3. Snapshot and Backup Strategies
-
Snapshot-based backup
-
Lightweight, point-in-time view of DB.
-
Used for replication and catching up follower nodes.
-
Minimal I/O overhead.
-
File-based backup (Checkpoint / BackupEngine)
-
Durable copy of SST and WAL files.
-
Useful for disaster recovery or migration.
-
Recommendation: Use snapshot for replication, file-based backup for full persistence. Minimize CFs to reduce backup complexity.
4. Key and Prefix Design
-
Fixed-length prefix keys improve range scan performance.
-
Design keys so frequently scanned ranges share a common prefix.
-
Example:
-
Prefix: RegionID + EntityType
-
Suffix: Timestamp or unique ID
-
Avoid variable-length prefixes in hot paths, as they reduce prefix indexing efficiency.

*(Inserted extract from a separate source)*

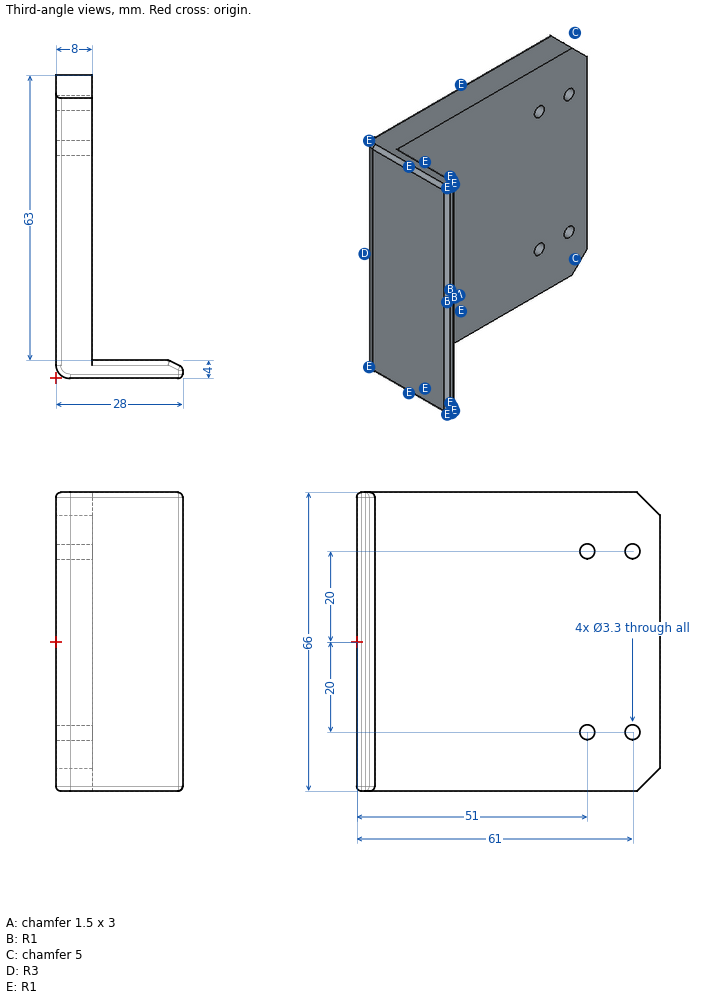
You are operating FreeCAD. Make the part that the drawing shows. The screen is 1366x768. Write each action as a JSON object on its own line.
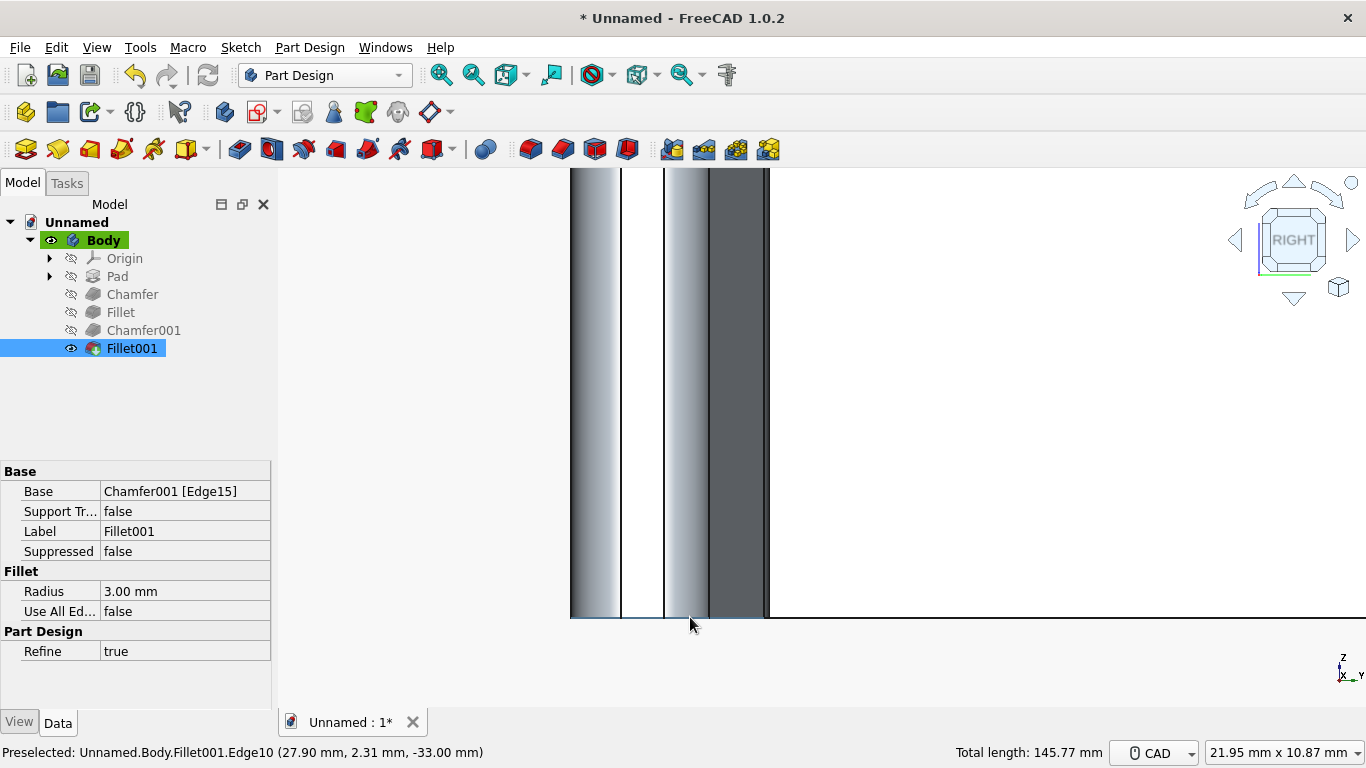
{"action": "left_click", "coordinate": [442, 76]}

5. Typical Performance Metrics (SSD-based)
These numbers are empirical references from medium-to-large deployments, with RocksDB tuned for batch writes and prefix scans:
| Metric | Typical Value (SSD/NVMe) | Notes |
|---|---|---|
| Write throughput (random writes) | 50k–200k ops/sec per DB instance (16–32 MB memtable) | Depends on write batch size |
| Write amplification | 2–5x | With tuned compaction and CF count ~1–2 |
| Read throughput (point lookup) | 100k–500k ops/sec | Using 8–16 GB block cache |
| Read throughput (prefix scan) | 200–800 MB/sec | With fixed prefix keys |
| Compaction I/O | 100–400 MB/sec | Tuned via level0_file_num_compaction_trigger and max_bytes_for_level_base |
| Latency (write) | ~0.5–2 ms | Depends on WAL sync policy |
| Latency (read, cached) | <0.1 ms | Cached in block cache |
| SST file size | 64 MB (default) | Tunable via target_file_size_base |
| Max DB size | ~10–100 TB+ | Depends on hardware and LSM tuning |
Notes on tuning:
- SSD/NVMe storage is essential for predictable write performance.
- Prefix-based fixed keys allow memtable prefix bloom and reduce disk seeks.
- Backup and snapshot strategy affect I/O; prefer incremental snapshots for high-frequency backups.